#### [Directions for this task]
No pictures, everything else exact: set down the entries in full.

#### [Excerpted records]

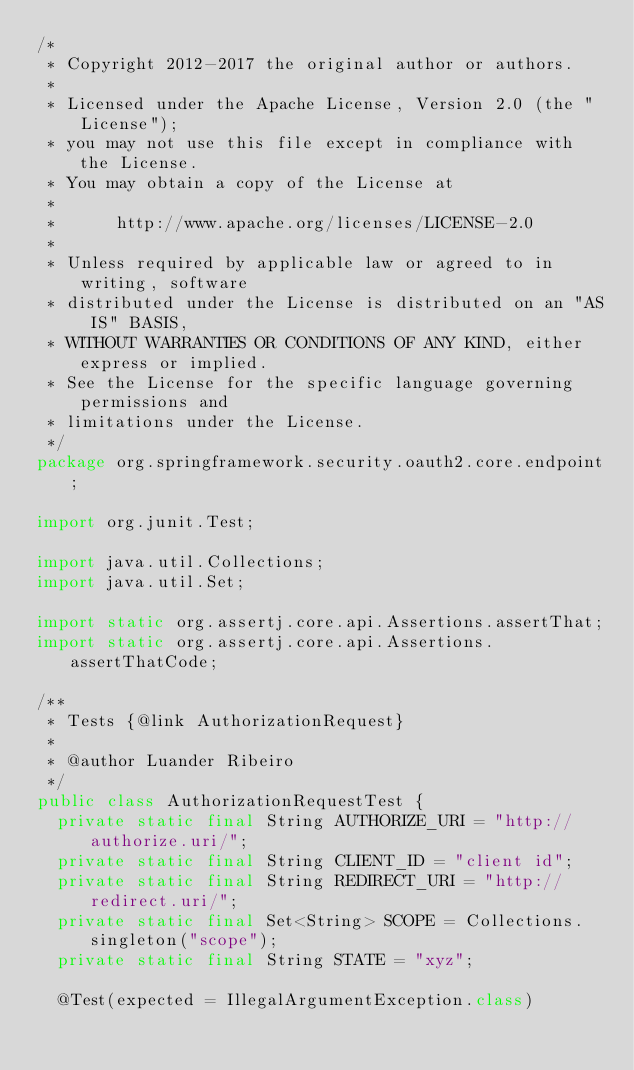<code> <loc_0><loc_0><loc_500><loc_500><_Java_>/*
 * Copyright 2012-2017 the original author or authors.
 *
 * Licensed under the Apache License, Version 2.0 (the "License");
 * you may not use this file except in compliance with the License.
 * You may obtain a copy of the License at
 *
 *      http://www.apache.org/licenses/LICENSE-2.0
 *
 * Unless required by applicable law or agreed to in writing, software
 * distributed under the License is distributed on an "AS IS" BASIS,
 * WITHOUT WARRANTIES OR CONDITIONS OF ANY KIND, either express or implied.
 * See the License for the specific language governing permissions and
 * limitations under the License.
 */
package org.springframework.security.oauth2.core.endpoint;

import org.junit.Test;

import java.util.Collections;
import java.util.Set;

import static org.assertj.core.api.Assertions.assertThat;
import static org.assertj.core.api.Assertions.assertThatCode;

/**
 * Tests {@link AuthorizationRequest}
 *
 * @author Luander Ribeiro
 */
public class AuthorizationRequestTest {
	private static final String AUTHORIZE_URI = "http://authorize.uri/";
	private static final String CLIENT_ID = "client id";
	private static final String REDIRECT_URI = "http://redirect.uri/";
	private static final Set<String> SCOPE = Collections.singleton("scope");
	private static final String STATE = "xyz";

	@Test(expected = IllegalArgumentException.class)</code> 
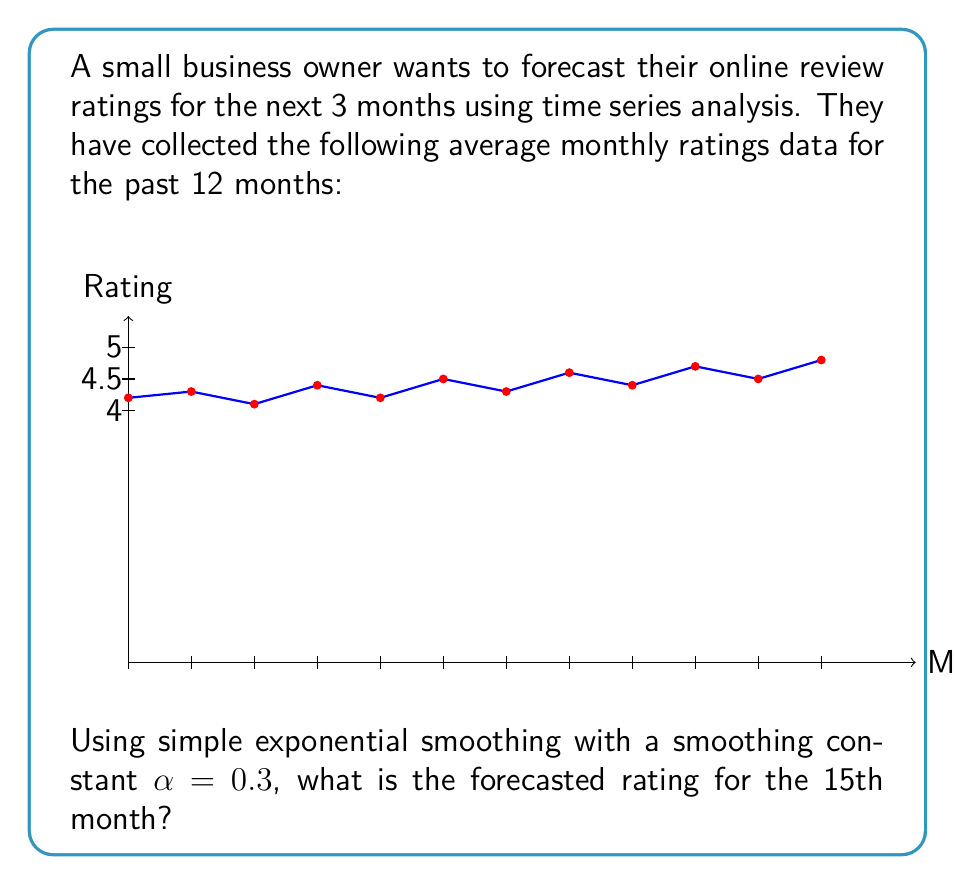Help me with this question. To solve this problem using simple exponential smoothing, we'll follow these steps:

1) The formula for simple exponential smoothing is:
   $$F_{t+1} = \alpha Y_t + (1-\alpha)F_t$$
   where $F_{t+1}$ is the forecast for the next period, $Y_t$ is the actual value at time $t$, and $F_t$ is the forecast for the current period.

2) We're given $\alpha = 0.3$. We'll use the last observed value (4.8) as our initial forecast.

3) For the 13th month forecast:
   $$F_{13} = 0.3(4.8) + 0.7(4.8) = 4.8$$

4) For the 14th month forecast:
   $$F_{14} = 0.3(4.8) + 0.7(4.8) = 4.8$$

5) For the 15th month forecast:
   $$F_{15} = 0.3(4.8) + 0.7(4.8) = 4.8$$

The forecast remains constant because we don't have new observed values after the 12th month, and we're using the last observed value as our initial forecast.
Answer: 4.8 
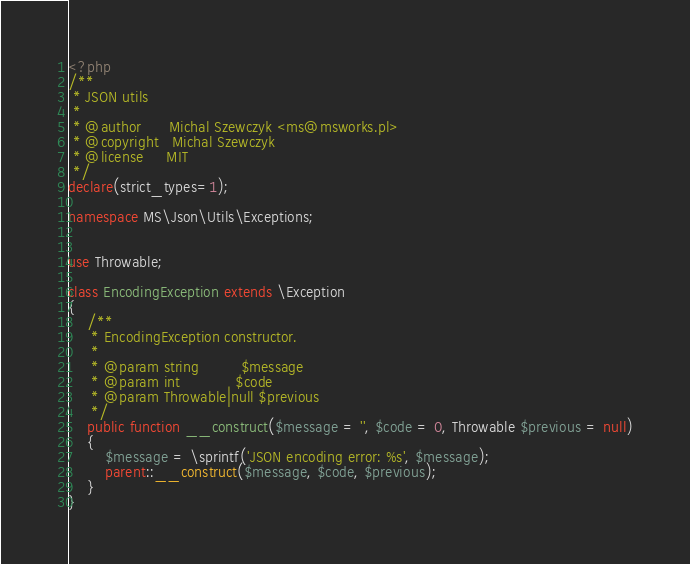Convert code to text. <code><loc_0><loc_0><loc_500><loc_500><_PHP_><?php
/**
 * JSON utils
 *
 * @author      Michal Szewczyk <ms@msworks.pl>
 * @copyright   Michal Szewczyk
 * @license     MIT
 */
declare(strict_types=1);

namespace MS\Json\Utils\Exceptions;


use Throwable;

class EncodingException extends \Exception
{
    /**
     * EncodingException constructor.
     *
     * @param string         $message
     * @param int            $code
     * @param Throwable|null $previous
     */
    public function __construct($message = '', $code = 0, Throwable $previous = null)
    {
        $message = \sprintf('JSON encoding error: %s', $message);
        parent::__construct($message, $code, $previous);
    }
}
</code> 
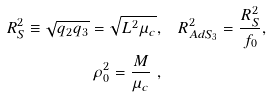<formula> <loc_0><loc_0><loc_500><loc_500>R ^ { 2 } _ { S } \equiv \sqrt { q _ { 2 } q _ { 3 } } = \sqrt { L ^ { 2 } \mu _ { c } } , & \quad R ^ { 2 } _ { A d S _ { 3 } } = \frac { R ^ { 2 } _ { S } } { f _ { 0 } } , \\ \rho _ { 0 } ^ { 2 } = \frac { M } { \mu _ { c } } \ ,</formula> 
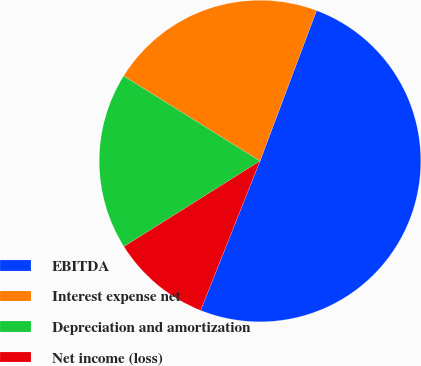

#### [Result of this exercise]
<code> <loc_0><loc_0><loc_500><loc_500><_Java_>/*
 * Copyright 2012-2017 the original author or authors.
 *
 * Licensed under the Apache License, Version 2.0 (the "License");
 * you may not use this file except in compliance with the License.
 * You may obtain a copy of the License at
 *
 *      http://www.apache.org/licenses/LICENSE-2.0
 *
 * Unless required by applicable law or agreed to in writing, software
 * distributed under the License is distributed on an "AS IS" BASIS,
 * WITHOUT WARRANTIES OR CONDITIONS OF ANY KIND, either express or implied.
 * See the License for the specific language governing permissions and
 * limitations under the License.
 */
package org.springframework.security.oauth2.core.endpoint;

import org.junit.Test;

import java.util.Collections;
import java.util.Set;

import static org.assertj.core.api.Assertions.assertThat;
import static org.assertj.core.api.Assertions.assertThatCode;

/**
 * Tests {@link AuthorizationRequest}
 *
 * @author Luander Ribeiro
 */
public class AuthorizationRequestTest {
	private static final String AUTHORIZE_URI = "http://authorize.uri/";
	private static final String CLIENT_ID = "client id";
	private static final String REDIRECT_URI = "http://redirect.uri/";
	private static final Set<String> SCOPE = Collections.singleton("scope");
	private static final String STATE = "xyz";

	@Test(expected = IllegalArgumentException.class)</code> 
Help me with this question. To solve this problem using simple exponential smoothing, we'll follow these steps:

1) The formula for simple exponential smoothing is:
   $$F_{t+1} = \alpha Y_t + (1-\alpha)F_t$$
   where $F_{t+1}$ is the forecast for the next period, $Y_t$ is the actual value at time $t$, and $F_t$ is the forecast for the current period.

2) We're given $\alpha = 0.3$. We'll use the last observed value (4.8) as our initial forecast.

3) For the 13th month forecast:
   $$F_{13} = 0.3(4.8) + 0.7(4.8) = 4.8$$

4) For the 14th month forecast:
   $$F_{14} = 0.3(4.8) + 0.7(4.8) = 4.8$$

5) For the 15th month forecast:
   $$F_{15} = 0.3(4.8) + 0.7(4.8) = 4.8$$

The forecast remains constant because we don't have new observed values after the 12th month, and we're using the last observed value as our initial forecast.
Answer: 4.8 
Convert code to text. <code><loc_0><loc_0><loc_500><loc_500><_PHP_><?php
/**
 * JSON utils
 *
 * @author      Michal Szewczyk <ms@msworks.pl>
 * @copyright   Michal Szewczyk
 * @license     MIT
 */
declare(strict_types=1);

namespace MS\Json\Utils\Exceptions;


use Throwable;

class EncodingException extends \Exception
{
    /**
     * EncodingException constructor.
     *
     * @param string         $message
     * @param int            $code
     * @param Throwable|null $previous
     */
    public function __construct($message = '', $code = 0, Throwable $previous = null)
    {
        $message = \sprintf('JSON encoding error: %s', $message);
        parent::__construct($message, $code, $previous);
    }
}
</code> 
<formula> <loc_0><loc_0><loc_500><loc_500>R ^ { 2 } _ { S } \equiv \sqrt { q _ { 2 } q _ { 3 } } = \sqrt { L ^ { 2 } \mu _ { c } } , & \quad R ^ { 2 } _ { A d S _ { 3 } } = \frac { R ^ { 2 } _ { S } } { f _ { 0 } } , \\ \rho _ { 0 } ^ { 2 } = \frac { M } { \mu _ { c } } \ ,</formula> 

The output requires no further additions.